No obstante, en todas estas versiones descubrimos un rasgo común: la imagen, sea mental, sea objetivada en una inscripción, da a ver en el sentido más riguroso del vocablo: ofrece un aspecto sensible, en apariencia inmediato, que, al mismo tiempo, ilumina y se sustrae de lo que ilumina.
Cuando hablamos de imagen es imposible sustraerse al lenguaje del aparecer de la semejanza, lenguaje complicado porque toda semejanza es una forma, siquiera mínima, de la diferencia. Mi imagen en el espejo es el producto de la fisiología del ojo, del juego de la luz y del azogue, sin duda, pero hay mucho más: me veo donde no estoy y donde estoy no hay sino una forma de la alteridad contemplada por nadie.

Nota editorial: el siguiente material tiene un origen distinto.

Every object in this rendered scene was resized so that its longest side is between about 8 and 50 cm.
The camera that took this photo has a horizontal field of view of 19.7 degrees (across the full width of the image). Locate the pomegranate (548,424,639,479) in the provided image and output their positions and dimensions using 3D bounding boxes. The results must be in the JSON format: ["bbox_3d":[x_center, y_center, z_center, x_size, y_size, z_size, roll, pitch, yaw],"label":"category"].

Ahora bien, el narrador se encuentra con análogo y tormentoso obstáculo, toda vez que intente aferrar la imagen.
Es que quien posee vocación de narrar se encuentra en una situación que guarda un profundo parentesco con la actividad onírica: el soñante cree haber hallado la clave última y, al despertar, se queda con un seco relato, con el protocolo de un fracaso.
Una vez más cito a Ashbery en la traducción de Javier Marías de su Autorretrato en espejo convexo: Esta otredad, este
“no ser nosotros” es cuanto hay que mirar
en el espejo, aunque nadie pueda decir
cómo llegó a ser de este modo.”
Este doble movimiento de ofrecer una vista y sustraerla simultáneamente se manifiesta de manera original cuando lo que está en juego es la mímesis.

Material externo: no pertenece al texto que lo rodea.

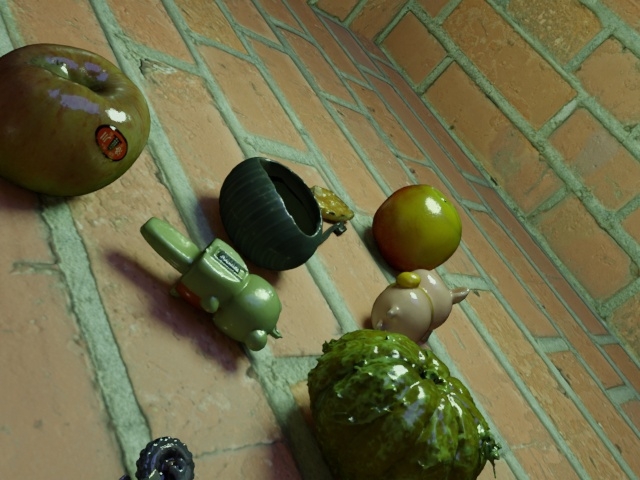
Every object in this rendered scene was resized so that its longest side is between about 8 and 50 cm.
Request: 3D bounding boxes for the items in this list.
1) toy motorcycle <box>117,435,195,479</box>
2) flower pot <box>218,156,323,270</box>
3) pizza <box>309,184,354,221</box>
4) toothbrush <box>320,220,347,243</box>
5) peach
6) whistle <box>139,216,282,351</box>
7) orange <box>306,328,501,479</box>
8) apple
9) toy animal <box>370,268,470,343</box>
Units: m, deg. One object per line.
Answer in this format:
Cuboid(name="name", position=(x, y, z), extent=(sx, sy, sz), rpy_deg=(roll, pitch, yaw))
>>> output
Cuboid(name="toy motorcycle", position=(-0.187, 0.310, 0.629), extent=(0.130, 0.094, 0.229), rpy_deg=(62, 34, -11))
Cuboid(name="flower pot", position=(-0.099, -0.051, 1.222), extent=(0.189, 0.157, 0.243), rpy_deg=(9, 42, -51))
Cuboid(name="pizza", position=(0.018, -0.088, 1.574), extent=(0.160, 0.036, 0.099), rpy_deg=(12, 40, -47))
Cuboid(name="toothbrush", position=(0.000, 0.000, 1.429), extent=(0.031, 0.030, 0.297), rpy_deg=(55, 26, 1))
Cuboid(name="peach", position=(0.248, -0.028, 1.609), extent=(0.231, 0.231, 0.231), rpy_deg=(33, 28, -20))
Cuboid(name="whistle", position=(-0.171, 0.068, 1.004), extent=(0.288, 0.106, 0.131), rpy_deg=(40, 29, -9))
Cuboid(name="orange", position=(0.106, 0.277, 0.958), extent=(0.301, 0.223, 0.300), rpy_deg=(37, 12, -13))
Cuboid(name="apple", position=(-0.397, -0.184, 0.963), extent=(0.260, 0.194, 0.261), rpy_deg=(31, 29, -19))
Cuboid(name="toy animal", position=(0.195, 0.145, 1.350), extent=(0.248, 0.165, 0.149), rpy_deg=(-8, 61, -50))

Ya se sabe: los clásicos – Platón, ante todo – privilegiaban la diégesis a costa de la mímesis. La diégesis, se decía, se dice, tiene que inventar procedimientos y hacerlo con libertad e incluso genio, para producir la deixis ad phantasma, evocar como si estuvieran aquí cosas que están ausentes. No obstante, la minusvaloración de la mímesis es indesglosable ( basta leer a Platón para advertirlo) de la perturbación que genera.

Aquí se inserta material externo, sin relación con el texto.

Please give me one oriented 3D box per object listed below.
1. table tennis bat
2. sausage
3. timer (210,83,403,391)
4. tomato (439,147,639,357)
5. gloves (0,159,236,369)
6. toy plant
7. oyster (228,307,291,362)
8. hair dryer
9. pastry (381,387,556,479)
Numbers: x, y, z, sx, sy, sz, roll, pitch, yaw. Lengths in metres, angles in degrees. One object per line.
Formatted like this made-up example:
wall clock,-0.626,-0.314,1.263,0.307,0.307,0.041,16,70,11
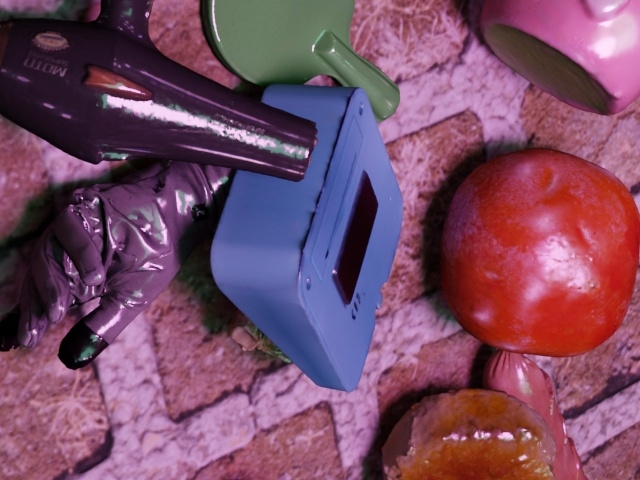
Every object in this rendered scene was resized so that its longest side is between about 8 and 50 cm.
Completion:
table tennis bat,-0.010,-0.201,1.595,0.257,0.039,0.160,40,82,-34
sausage,0.272,0.279,1.940,0.088,0.088,0.433,-39,125,-20
timer,0.000,0.000,1.590,0.250,0.091,0.232,62,38,-53
tomato,0.236,0.015,1.754,0.232,0.188,0.232,-11,110,-33
gloves,-0.184,0.015,1.492,0.285,0.119,0.142,-41,123,-36
toy plant,0.339,-0.299,1.682,0.356,0.317,0.210,-56,169,-14
oyster,-0.044,0.039,1.634,0.163,0.081,0.191,-61,137,-39
hair dryer,-0.122,-0.232,1.435,0.304,0.120,0.359,12,85,-12
pastry,0.162,0.244,1.806,0.192,0.093,0.182,-7,124,-2

En primer lugar, porque se supone que la imagen, que no es convencional, en el sentido en que lo es el régimen discreto de la palabra, conserva, retiene, una huella de la contigüidad con su referente. Esta piqueta que cae sobre este edificio, ha quedado impresa en tal momento en la placa fotográfica; este cuadro, estos trazos sobre la tela fueron ejecutados por la mano del pintor en la fecha indicada discretamente al pie de la obra, etc, etc. ¿Es así? Tal contigüidad, existente habitualmente, ¿ no es totalmente contingente? En la duplicación y en la multiplicación tecnológica de la imagen, ¿ no se evapora el aura del misterioso contacto como se disipa la niebla matutina? En el empeño sacro, ¿no hay una ironía teológica que el oficiante finge desconocer?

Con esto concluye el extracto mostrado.